« Wildland » de Jeanette Nordahl

l’amour et la violence

Charlyne Genoud | Le premier long métrage de la danoise Jeanette Nordahl s’intéresse au pouvoir destructeur de l’amour familial. Entre proximité et violence, la famille qu’elle met en scène enfreint toutes les lois, qu’elles soient morales ou juridiques.

Le vice comme hobby

Wildland commence sur un deuil, celui que doit faire Ida qui vient de perdre sa mère dans un accident de voiture. Première fissure dans la vie de la jeune fille, cet évènement tragique en entraînera bien d’autres puisqu’il forcera la mineure à emménager avec sa tante inconnue et les trois fils de cette dernière. Intégrant cette famille monoparentale, la jeune orpheline va rapidement découvrir pourquoi son entourage a, jusqu’alors, préféré la garder loin d’un ménage où le vice se pratique comme un hobby. A peine arrivée dans son nouveau nid, elle est emmenée par sa tante dans une suspecte discothèque où elle dit devoir discuter d’affaires. Attablée seule au bar du club, Ida semble résister pour quelques instants encore à la vie de débauche dans laquelle on tente de l’entraîner.

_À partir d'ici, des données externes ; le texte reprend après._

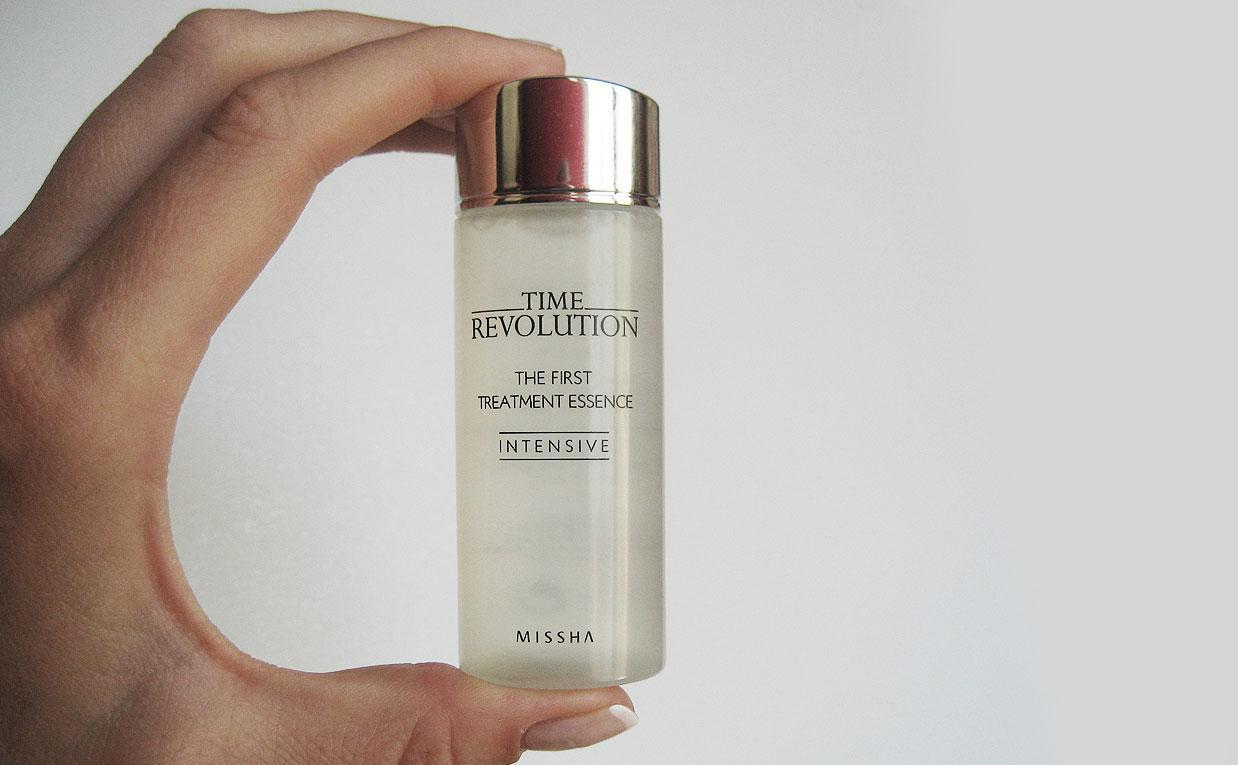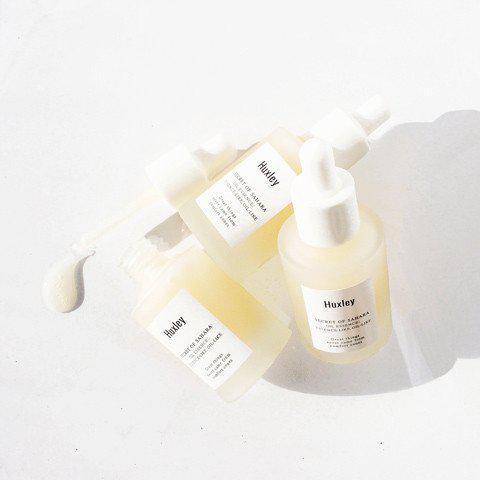The first image is the image on the left, the second image is the image on the right. Evaluate the accuracy of this statement regarding the images: "Four or more skin products are standing upright on a counter in the left photo.". Is it true? Answer yes or no. No. The first image is the image on the left, the second image is the image on the right. Given the left and right images, does the statement "An image shows exactly one skincare product, which has a gold cap." hold true? Answer yes or no. Yes.

Matriarche sous haute tension

Dans la famille sauvage, je demande la mère. Mais y en a-t-il vraiment une ? A la fois tendre et substitut maternel pour la jeune Ida, la matrone de cette étrange lignée se révèle être la meneuse d’une mafia familiale sans vergogne. Passant sans cesse d’une proximité presque incestueuse à l’égard de sa progéniture, à une impétuosité lointaine à toute forme d’amour maternel, elle ne s’illustre jamais en mère, mais donne plutôt le ton à un clan perdu entre l’amour et la violence. La brutalité des crimes de ses trois fils répond ainsi directement aux ambigüités d’une mère imprévisible. En matriarche protectrice, elle déteste les amies de ses fils et n’hésite à les exclure, notamment à la table de la cuisine, lieu où se jouent souvent les rapports de force au sein de la famille. Ce décor qui se répète illustre la proximité du groupe qui se serre les coudes autant littéralement que symboliquement. En sont dès lors exclues les membres parasites, comme les amies des fils. Par opposition, Ida y est accueillie à bras ouverts. Les personnages féminins qui finiront par être sacrifiés d’une manière ou d’une autre se construisent dès lors par un savant jeu de parallèles.

Visage narrant

Malgré l’accueil particulier qui lui est réservé, Ida garde une mine fermée et un regard dur sur sa famille d’adoption au début du film. Contrastant avec la familiarité que partagent les autres membres, son visage sur lequel se focalise la caméra fonctionne comme un narrateur du drame qui se déroule sous nos yeux. De nombreux gros plan dans la voiture illustrent ainsi la méfiance décroissante de la jeune fille au fur et à mesure de son intégration au clan. Mais ces plans serrés pris dans ce lieu clos illustrent aussi son enfermement progressif et sa perte de contrôle sur un itinéraire décidé par ses cousins qui conduisent le véhicule vers des scènes de crime. C’est ainsi par l’hyper-expressivité du visage de la jeune actrice, et par les longs plans qui les capturent que l’on saisit certains événements tragiques qui se déroulent hors champ. Son visage se raidit de nouveau, à l’image du lien familial qui se dégrade. Les issues de secours disparaissent alors que le piège se referme autour de la jeune Ida. Sa voix over vient conclure l’horreur de la situation : « Pour certains les choses vont mal avant même d’avoir commencé »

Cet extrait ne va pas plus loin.